Posted by Julio Biason on
URL: http://deprecated-apache-flink-user-mailing-list-archive.369.s1.nabble.com/Futures-timed-out-when-trying-to-cancel-a-job-with-savepoint-tp21808.html

Hey guys,

We just built a brand new Flink 1.4.0 cluster with HA and everything seems to be working fine, but we are getting some errors with savepoints.

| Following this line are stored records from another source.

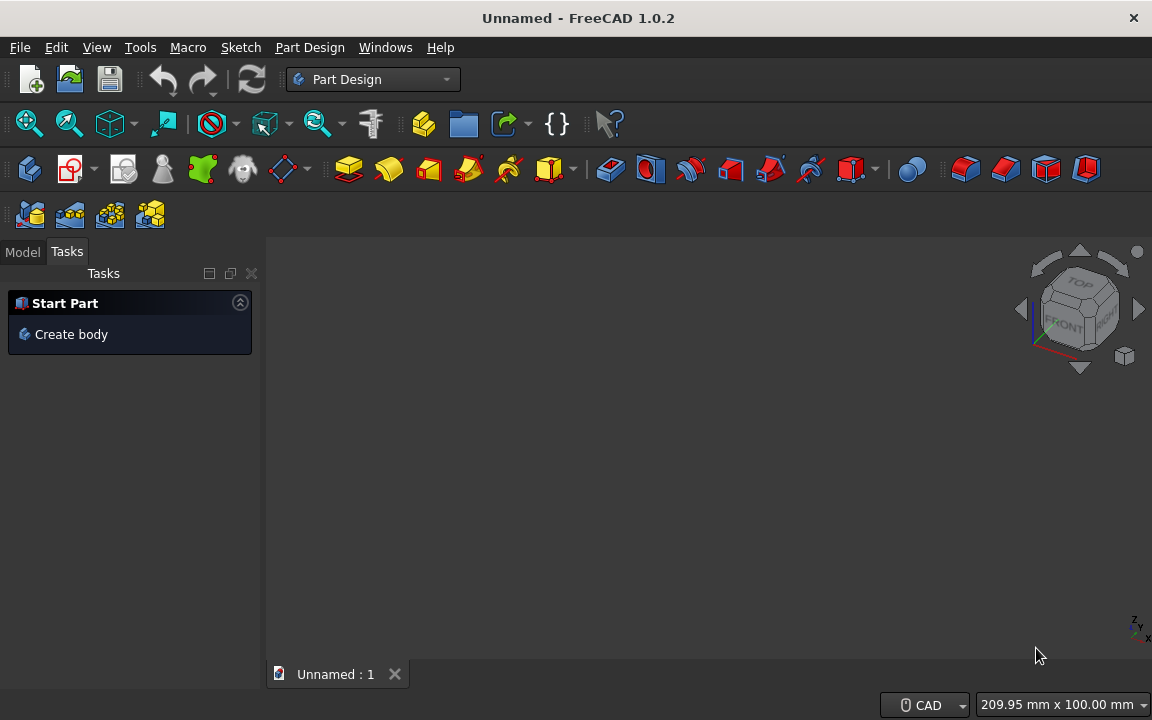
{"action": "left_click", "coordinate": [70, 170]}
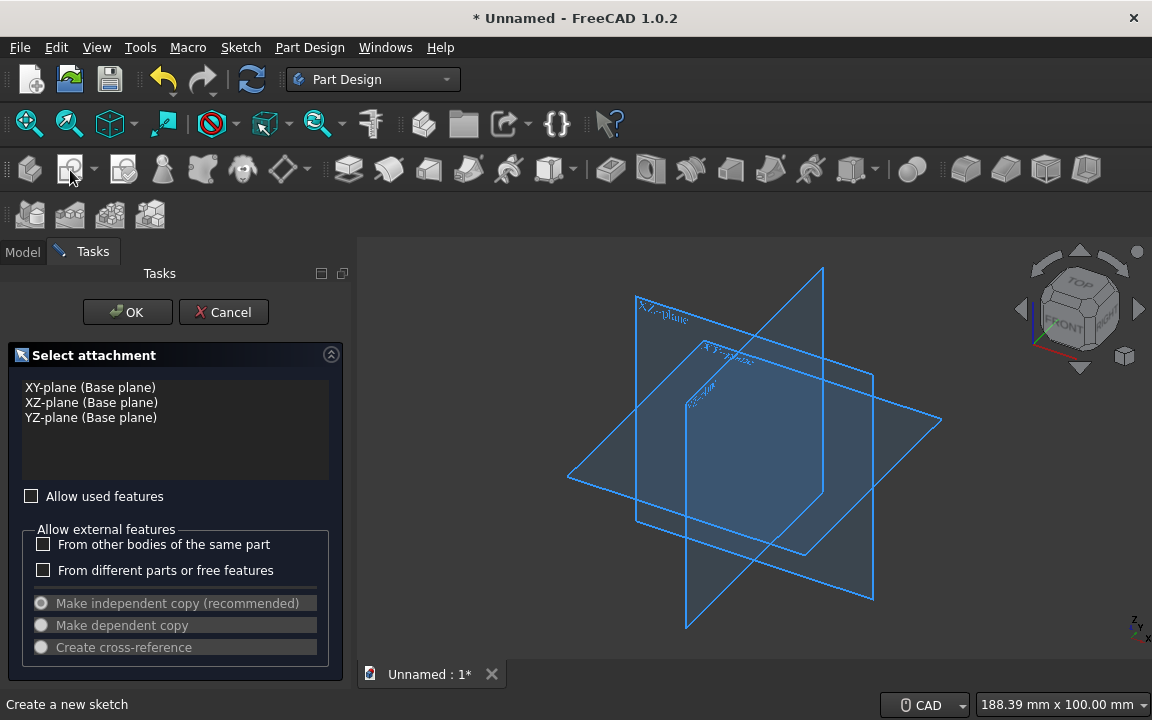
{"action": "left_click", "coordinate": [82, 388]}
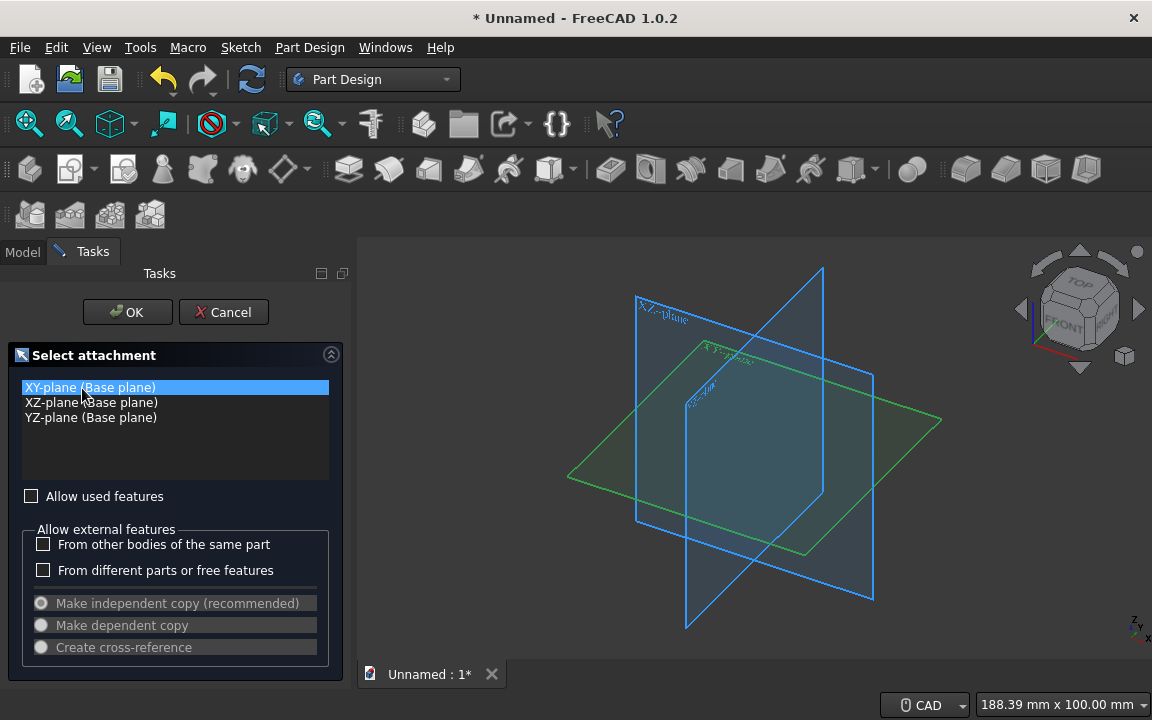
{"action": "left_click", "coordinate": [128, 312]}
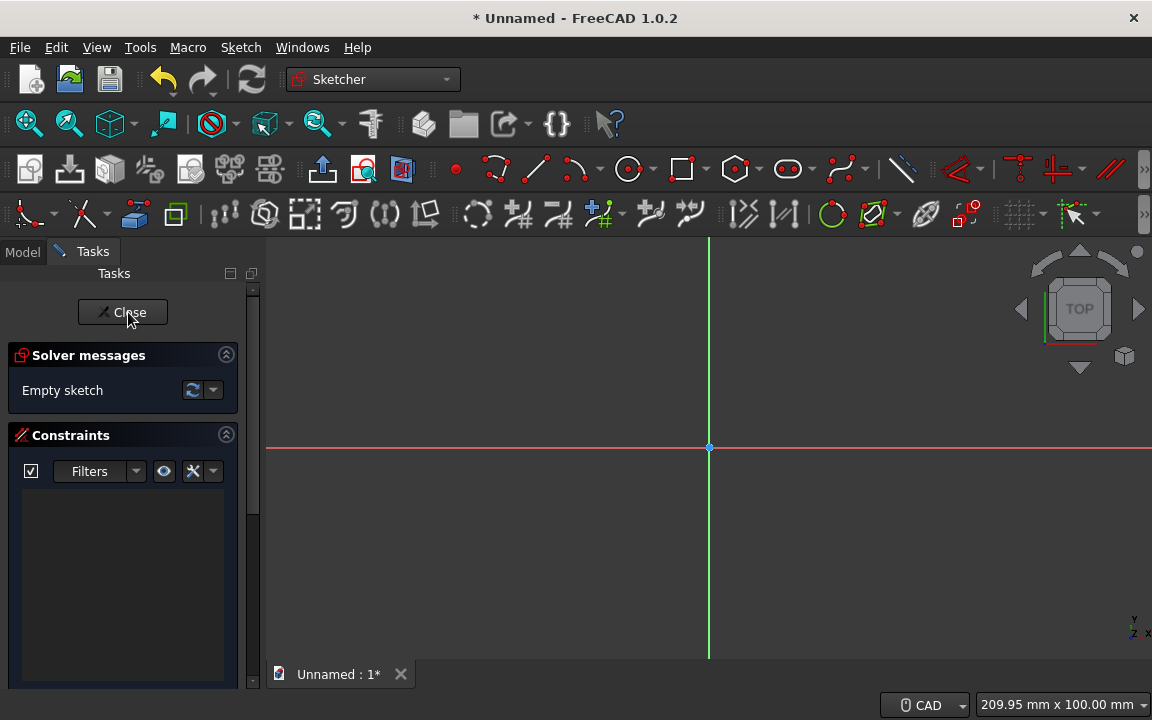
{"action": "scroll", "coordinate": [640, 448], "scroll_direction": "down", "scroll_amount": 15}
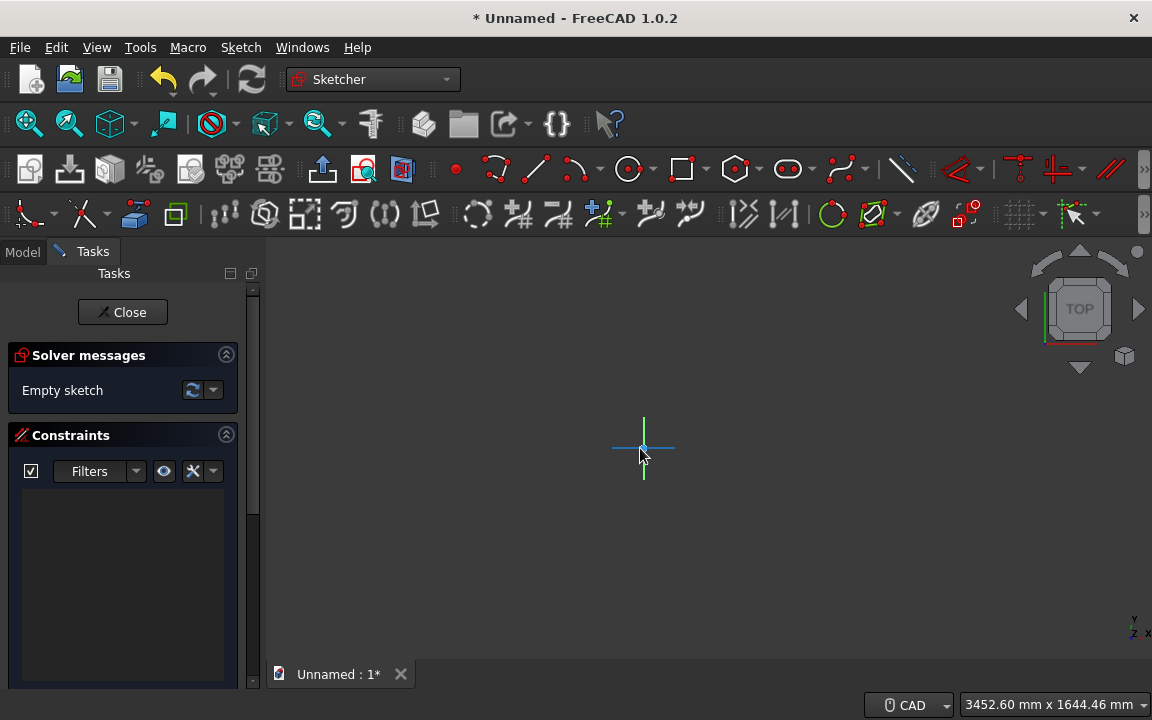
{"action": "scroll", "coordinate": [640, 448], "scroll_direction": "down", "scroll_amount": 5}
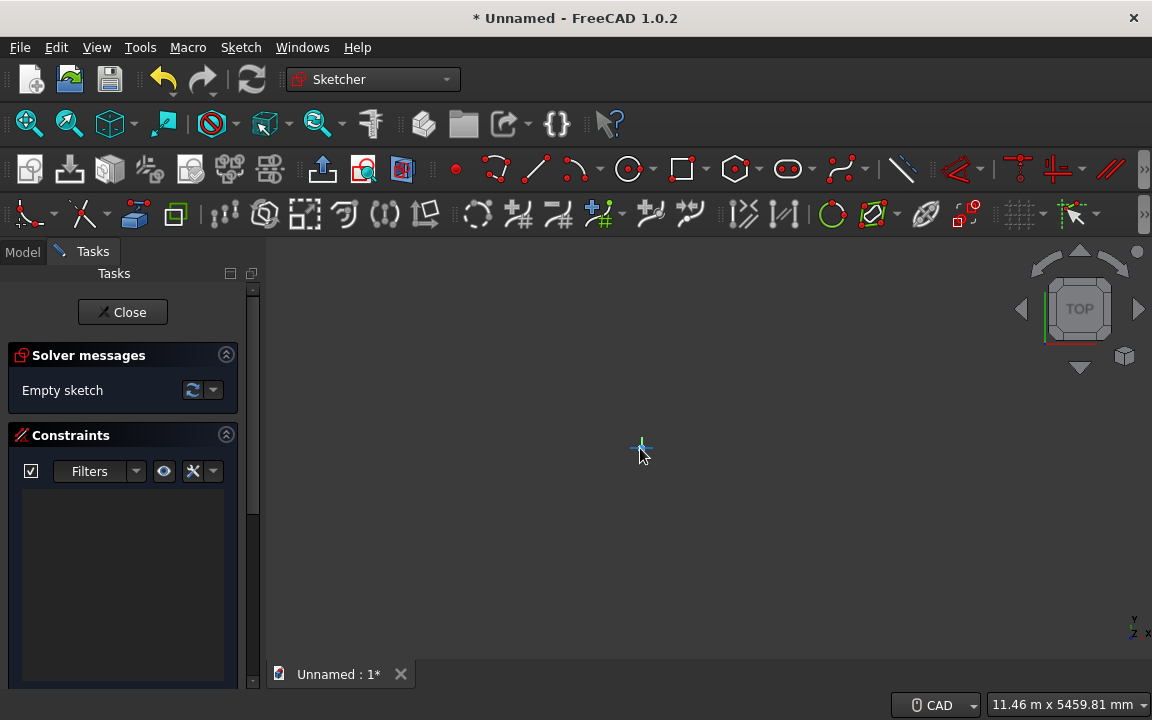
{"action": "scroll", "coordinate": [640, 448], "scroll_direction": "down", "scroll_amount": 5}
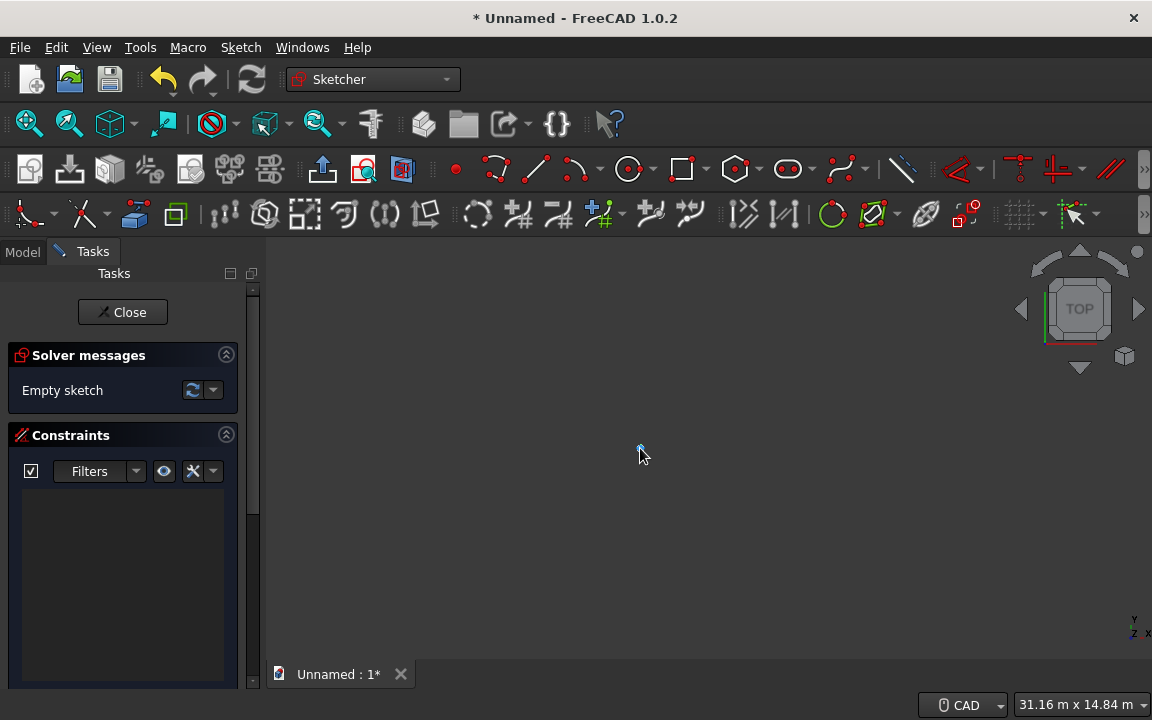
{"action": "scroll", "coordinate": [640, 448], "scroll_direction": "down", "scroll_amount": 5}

For example, I have a running job

------------------ Running/Restarting Jobs -------------------
25.07.2018 11:55:18 : e5280bad25a7f19122f98483f94aba26 : Mr Banks (RUNNING)
--------------------------------------------------------------

If I try to create a savepoint with

flink savepoint e5280bad25a7f19122f98483f94aba26

The command just stays there and never returns (I waited about 10 minutes, with no response). Then I tried to cancel with savepoint:

flink cancel e5280bad25a7f19122f98483f94aba26 -s

And I got a

java.util.concurrent.TimeoutException: Futures timed out after [60000 milliseconds]

I checked the jobmanager logs, but I can't see any problems; I checked the Hadoop logs for any errors (believing the problem may be in the underlying system), but it seems it did create the nodes properly -- at least, there are no errors there too.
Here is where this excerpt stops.